%%
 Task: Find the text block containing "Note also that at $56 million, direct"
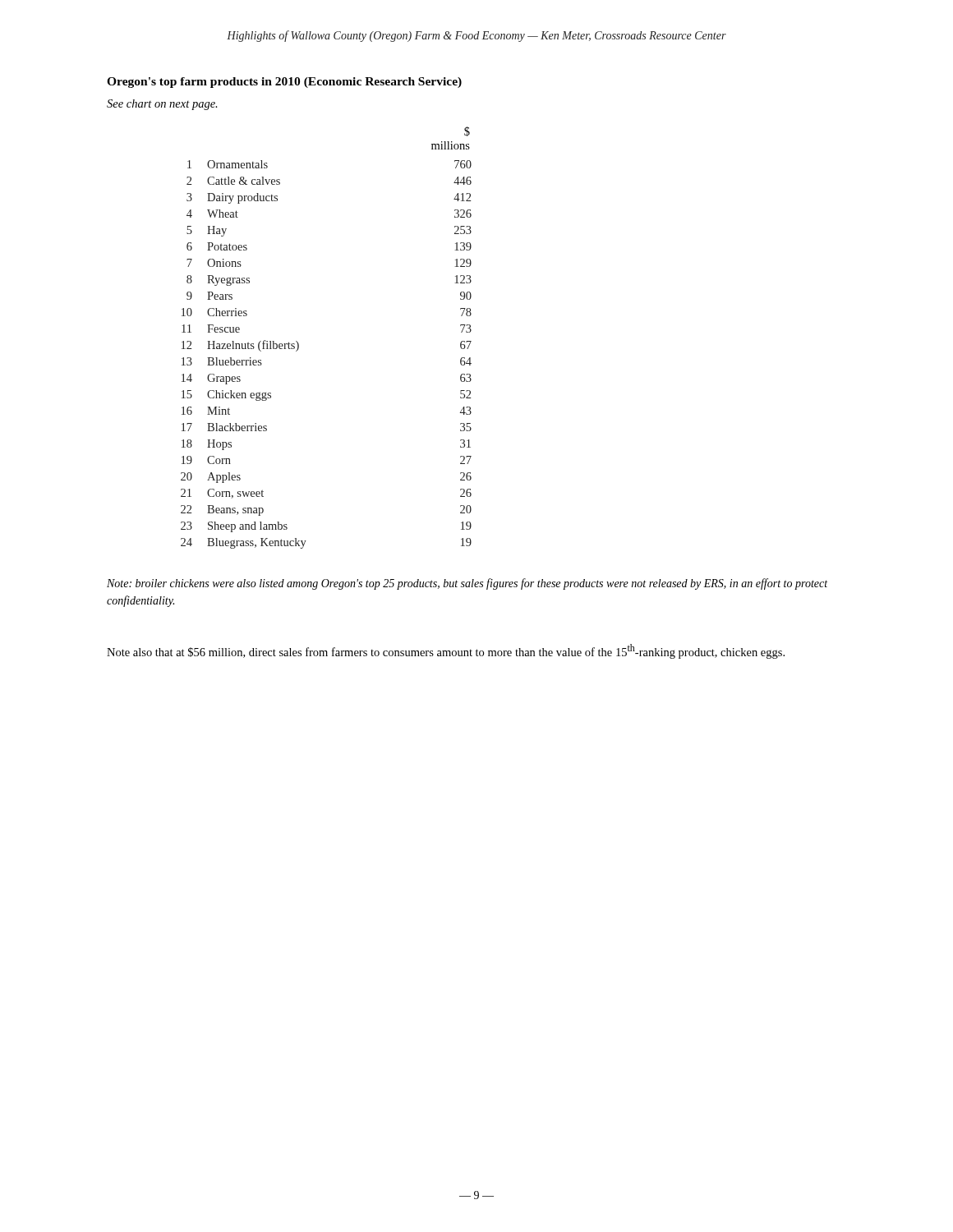[x=446, y=650]
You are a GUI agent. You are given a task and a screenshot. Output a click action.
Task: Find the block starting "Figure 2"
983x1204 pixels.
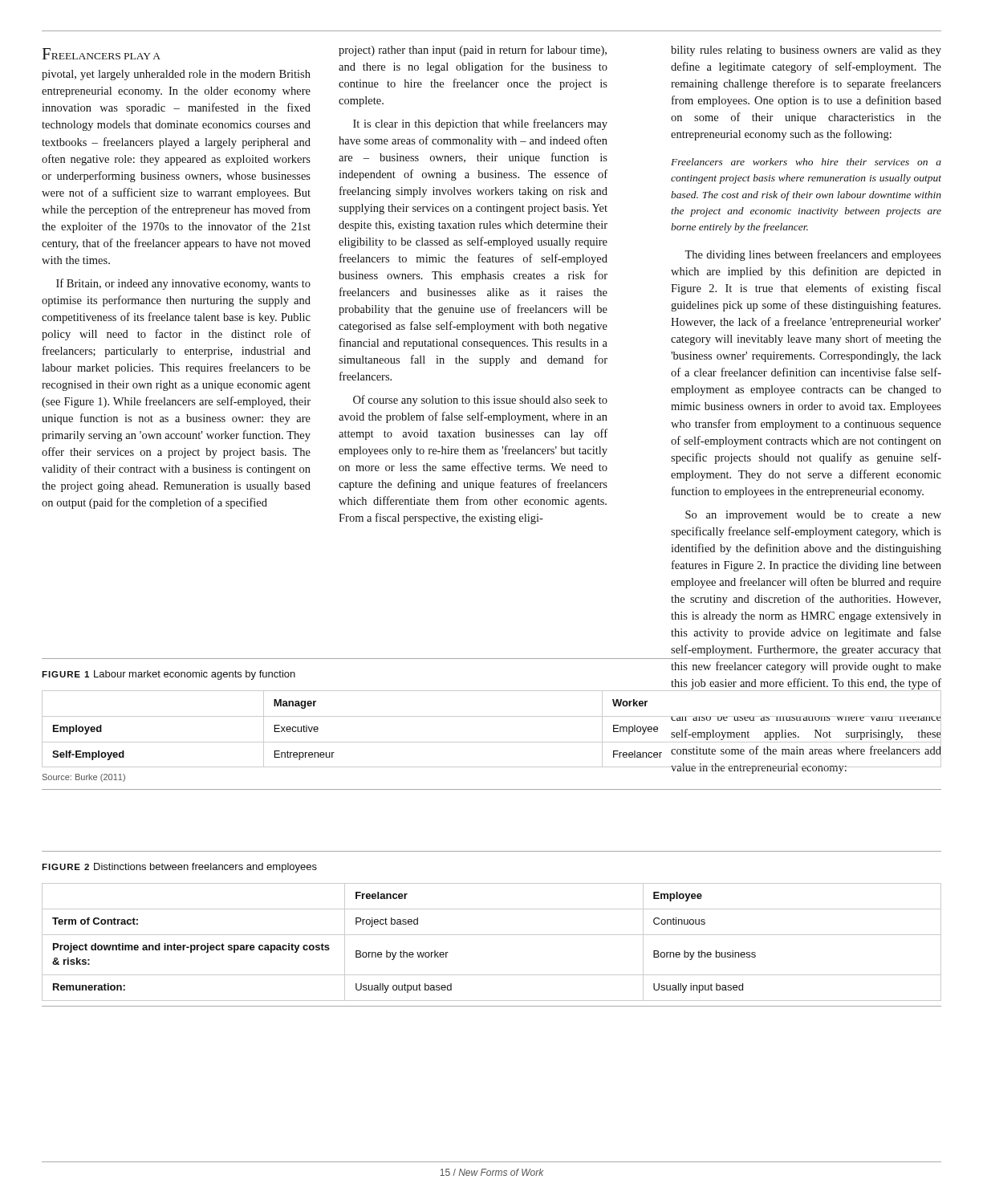[66, 867]
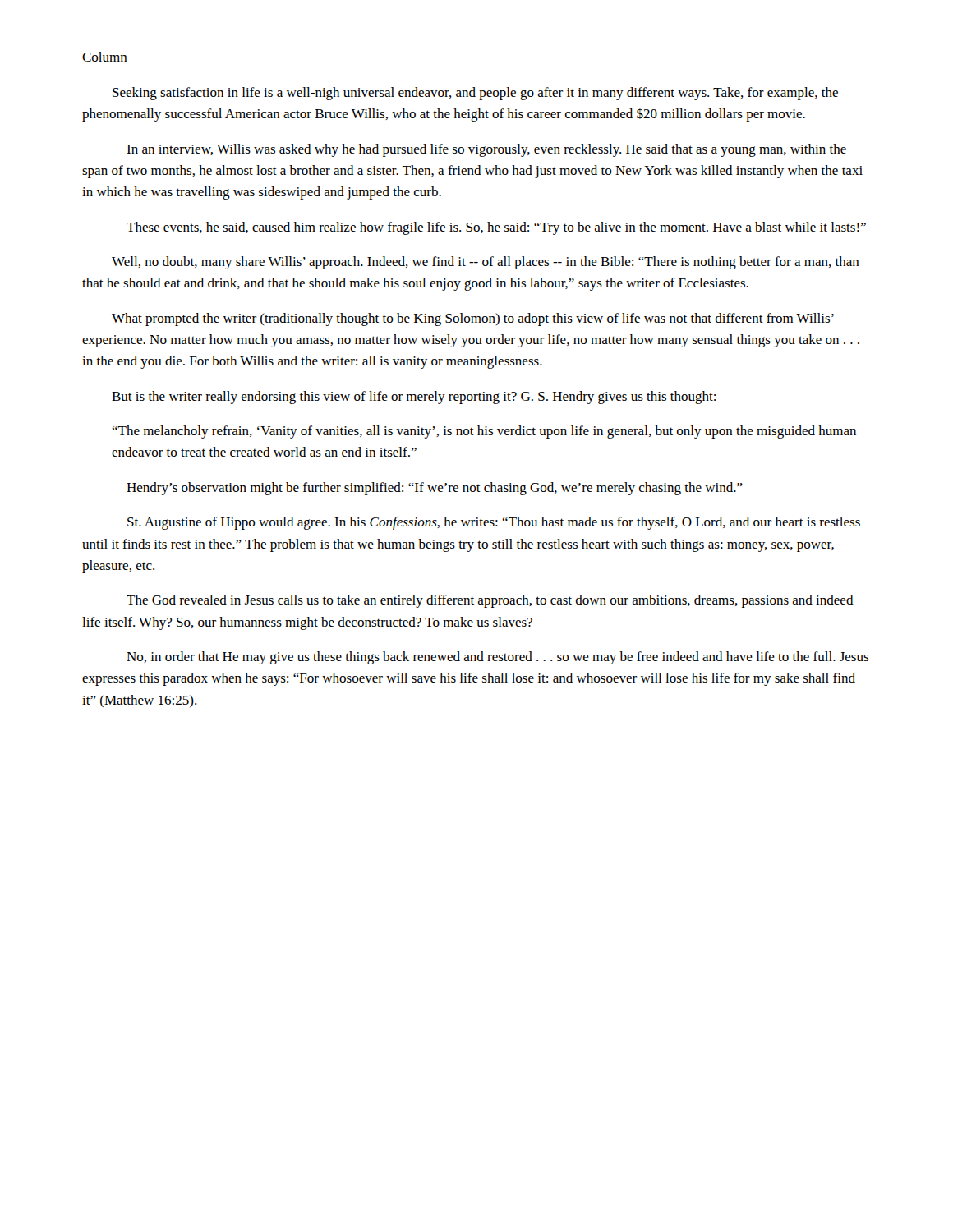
%%
Work instruction: With the pictures dropped, give every entry above again exactly.

Response below:
 Task: Find the text block containing "Note also that at $56 million, direct"
[x=446, y=650]
You are a GUI agent. You are given a task and a screenshot. Output a click action.
Task: Find the block starting "Figure 2"
983x1204 pixels.
[66, 867]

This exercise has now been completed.